Companies should seek out advisory solutions that deliver the following as a combination of human expertise and tools:
Cyber Risk Profiling – The first step for any cyber advisor should be to gather information about what makes your company a risk. From info on your company’s industry and its subsidiaries, your mail and web domains, customer data being stored or transmitted, customer demographics to what’s on your IT baseline and what technologies support your customer’s web and mobile apps and more, an effective advisory knows you inside and out to enable highly-personalized threat detection that’s more than an overwhelming stream of “possibles” or “maybes.”
Threat Data Collection – In order to match your risk surfaces to new and existing cyber threats that could impact your business, any advisory solution must come with access to continuous and comprehensive data on cyber threats that can be made relevant to you. This data is more than virus or malware signatures, more than APT info or phishing data, it’s a full spectrum of threat data that informs on high and low level cyber threats from the Dark Web, to social engineering to data breach detection data.

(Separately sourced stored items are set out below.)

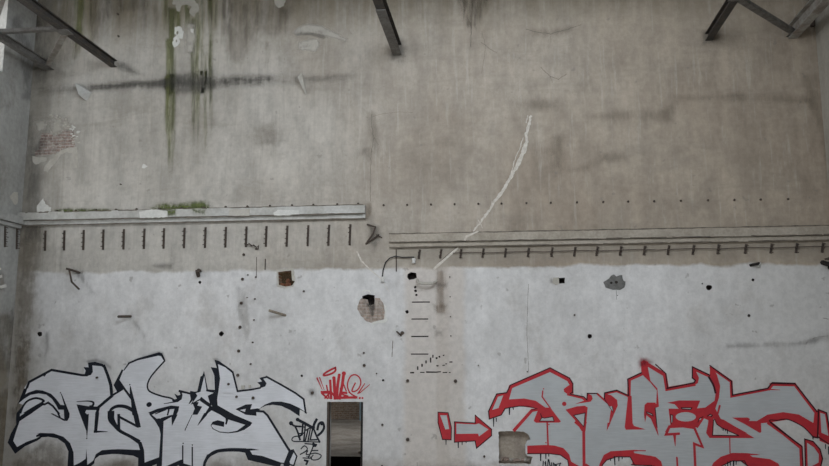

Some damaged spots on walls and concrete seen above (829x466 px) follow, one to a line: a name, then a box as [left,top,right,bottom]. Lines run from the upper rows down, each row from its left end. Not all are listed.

peeling [172,0,199,52]
leakage [165,0,199,128]
spalling [32,114,80,172]
crack [433,115,532,270]
spalling [276,268,295,288]
spalling [357,289,388,324]
spalling [498,431,533,464]
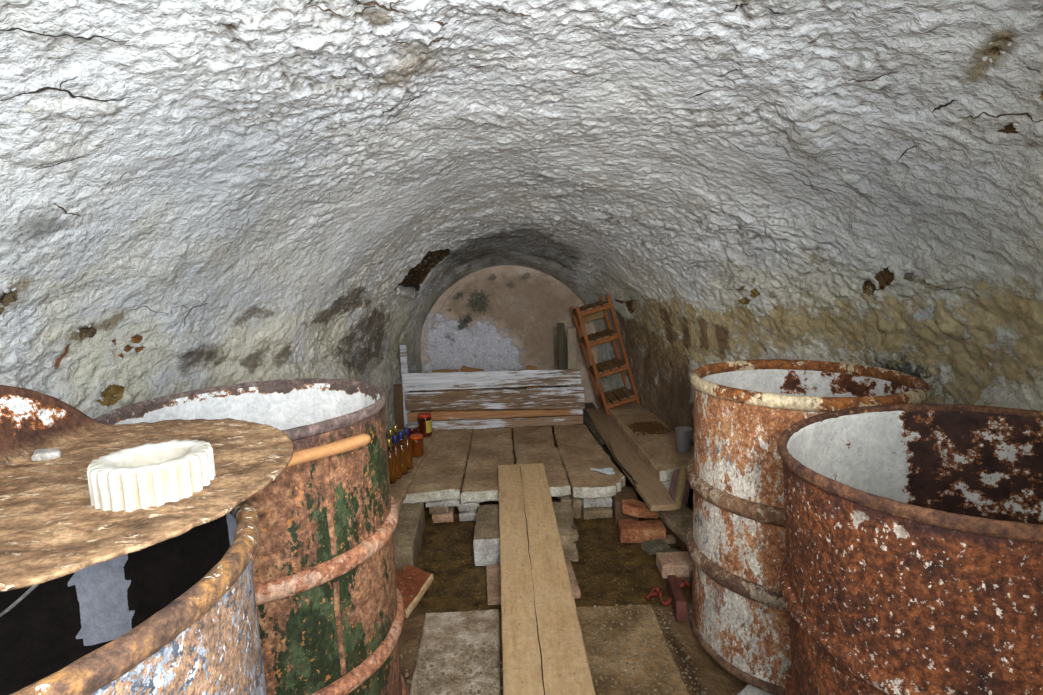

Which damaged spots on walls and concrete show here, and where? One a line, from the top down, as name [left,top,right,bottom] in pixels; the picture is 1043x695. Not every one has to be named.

crack [0,28,129,42]
crack [1,76,130,102]
spalling [860,266,916,297]
water stain [313,287,390,374]
water stain [179,344,226,368]
water stain [240,351,262,372]
water stain [275,346,291,363]
water stain [616,280,1043,446]
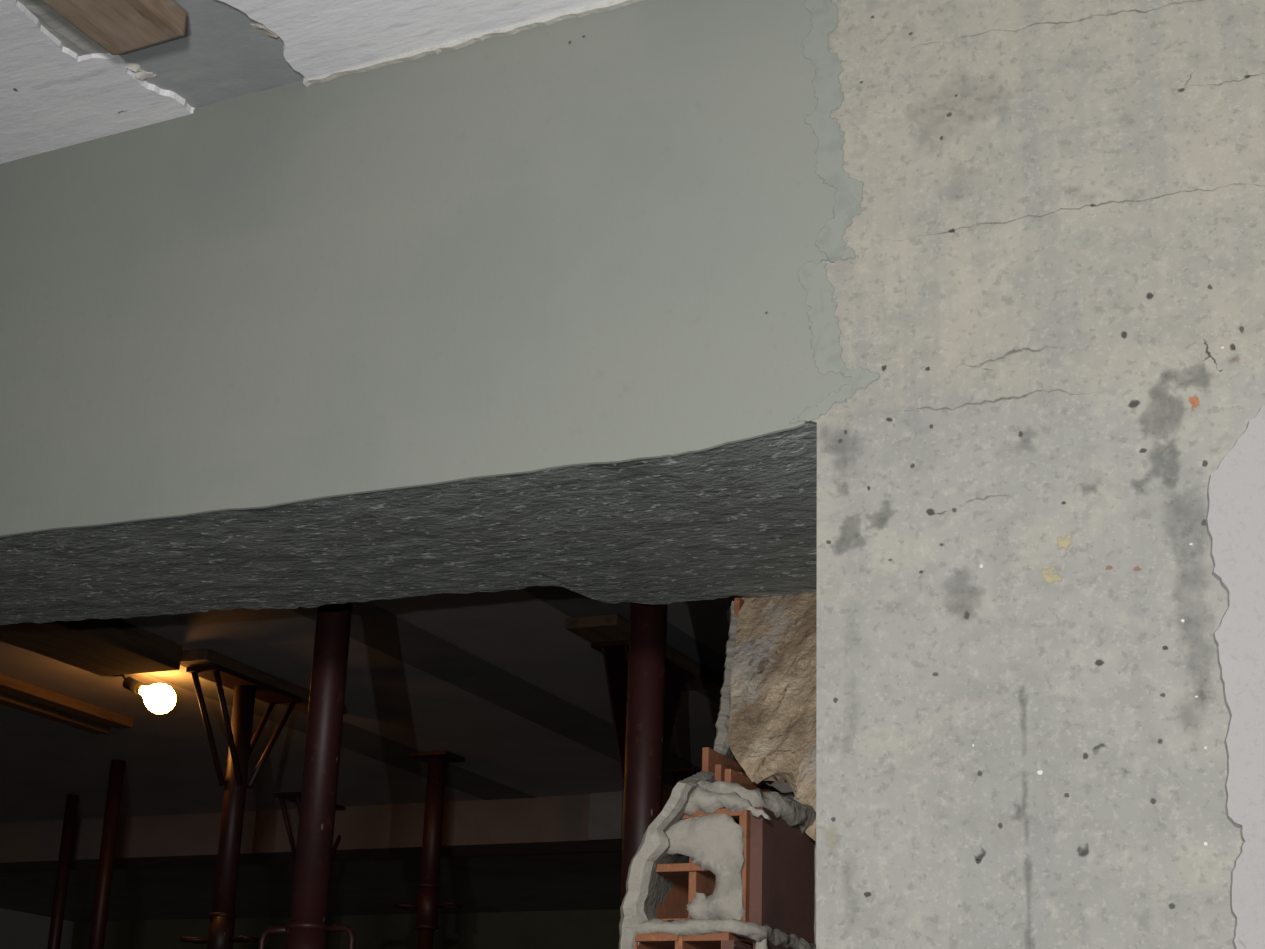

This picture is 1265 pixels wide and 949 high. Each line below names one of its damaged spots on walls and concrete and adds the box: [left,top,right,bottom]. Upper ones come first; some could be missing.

flaking render [17,0,304,108]
flaking render [811,0,1265,949]

In-Depth Analysis – Having cyber data is one thing. We all have data. Too much in fact, in the form of noisy alerts and indicators, log files, application outputs and so much more. Everything produces data. The key to a successful advisory is one that has a wealth of subject matter expertise that can also use practical intelligence and analysis methodologies that actually lead to real, effective defense actions.

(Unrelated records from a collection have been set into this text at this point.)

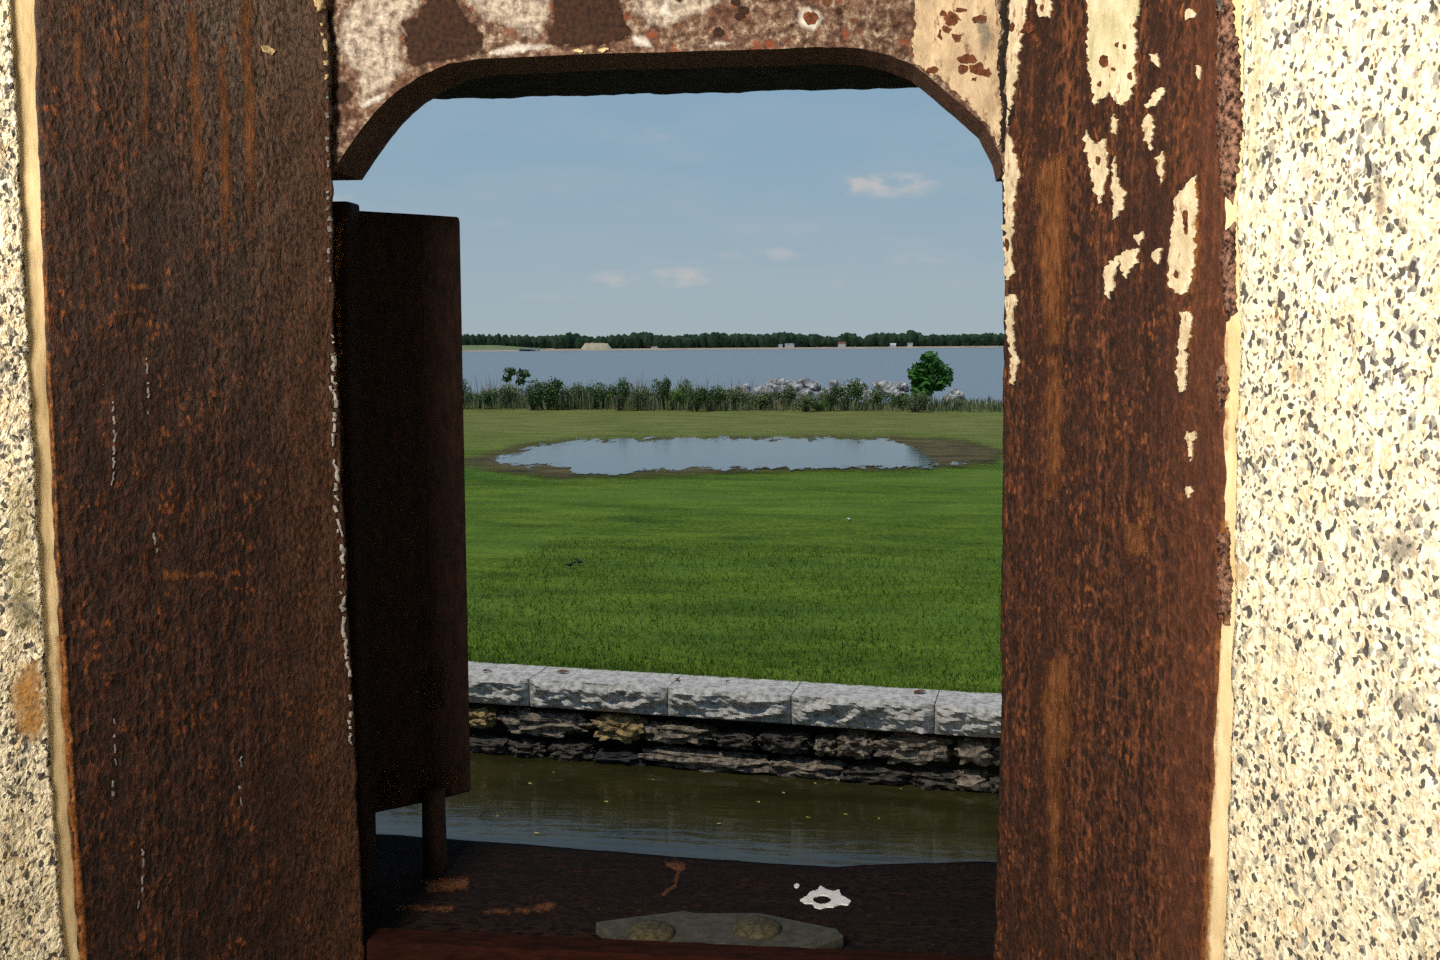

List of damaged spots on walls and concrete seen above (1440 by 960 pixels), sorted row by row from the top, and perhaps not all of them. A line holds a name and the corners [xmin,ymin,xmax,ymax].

peeling [340,0,418,97]
rust [401,0,483,66]
peeling [469,0,549,36]
rust [547,0,631,47]
peeling [633,0,718,26]
rust [789,0,858,29]
peeling [911,0,1053,385]
rust [1035,153,1068,498]
peeling [1082,0,1166,220]
peeling [1102,175,1199,392]
rust [57,636,87,960]
rust [1043,655,1071,907]
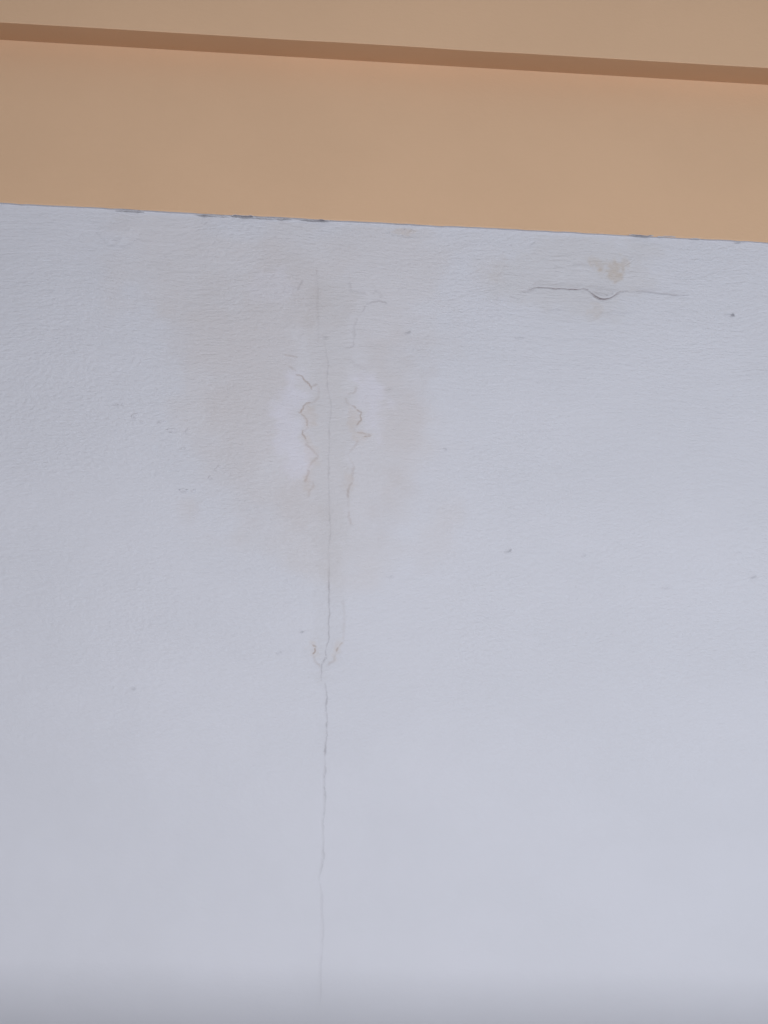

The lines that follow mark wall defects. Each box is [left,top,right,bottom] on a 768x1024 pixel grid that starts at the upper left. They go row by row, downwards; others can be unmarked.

crack [316,267,332,1006]
leakage [87,212,681,689]
crack [509,281,589,311]
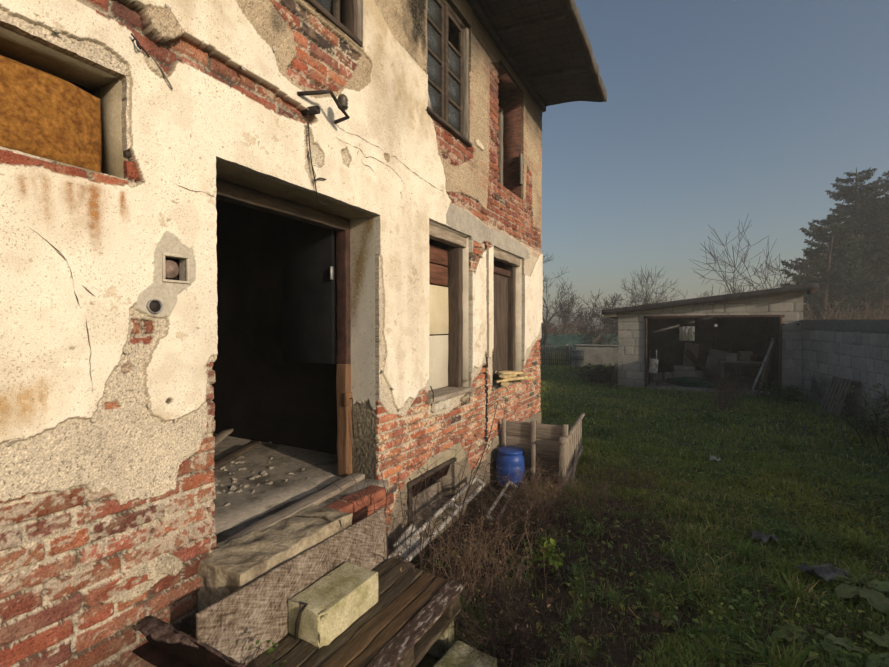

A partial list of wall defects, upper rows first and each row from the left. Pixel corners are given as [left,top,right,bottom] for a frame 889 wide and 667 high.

flaking render [0,307,217,667]
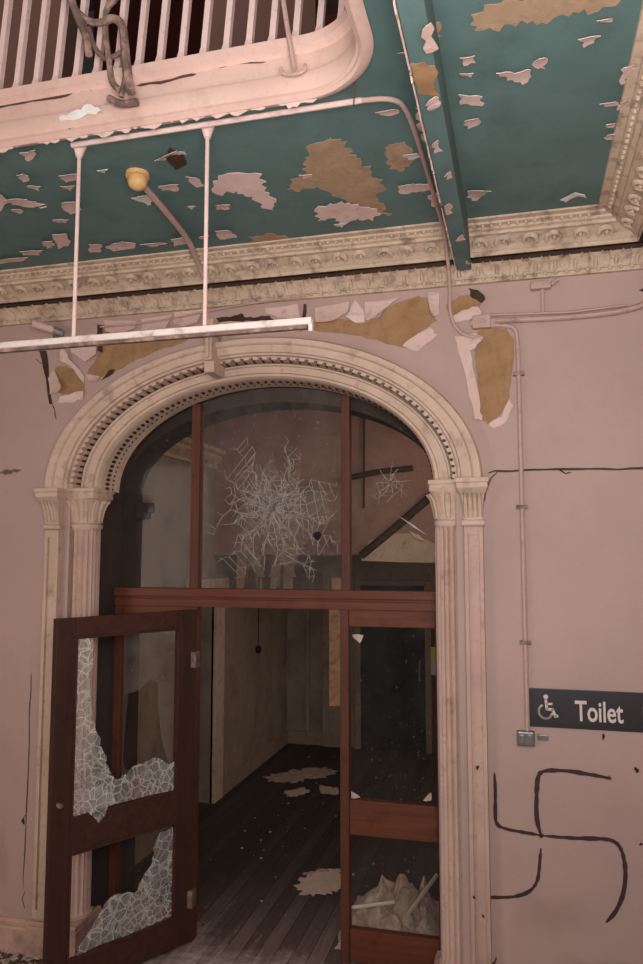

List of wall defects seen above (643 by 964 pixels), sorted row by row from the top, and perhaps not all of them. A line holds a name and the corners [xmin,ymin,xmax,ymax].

peeling [496,57,548,85]
peeling [470,0,620,32]
peeling [578,35,601,47]
peeling [288,0,470,270]
peeling [0,174,82,264]
peeling [88,237,187,253]
peeling [155,147,276,210]
peeling [199,230,237,240]
peeling [560,192,586,202]
peeling [216,288,485,351]
peeling [40,309,203,404]
peeling [455,328,514,428]

Alerting and Reporting – Most companies are fractured when it comes to communicating even typical, run-of-the-mill information such as sales data. They’re even more stovepiped and disconnected when it comes to cyber threat information. A good advisory will not only profile your company’s risk, gather threat data, and perform practical analysis, but they’ll assist you with executing on timely and effective communication throughout your organization to those business units most likely affected by any given threat – and help them know what to do about it.
Continuous Risk Monitoring – In the business world today, threats come fast and furious. They’re dynamic from day to day. A useful advisory will recognize that company profiling, data collection, analysis, and alerting and reporting is something that needs continuous wash-rinse-repeat. In fact, a cyber intelligence advisory worth anything is one that’s always on and always monitoring your business risks for cyber threats as things evolve.
If you’re not now adding cyber intelligence to improve and enhance your tactical cyber defense strategy, you’re not alone. In fact, your reality is more the norm for about 50 million American business. For most, it’s something that’s simply out of reach resource-wise. Besides, even if you knew what was threatening you, you aren’t likely to know what to do about it.
Could your business use a cyber advisor? Can it afford not to?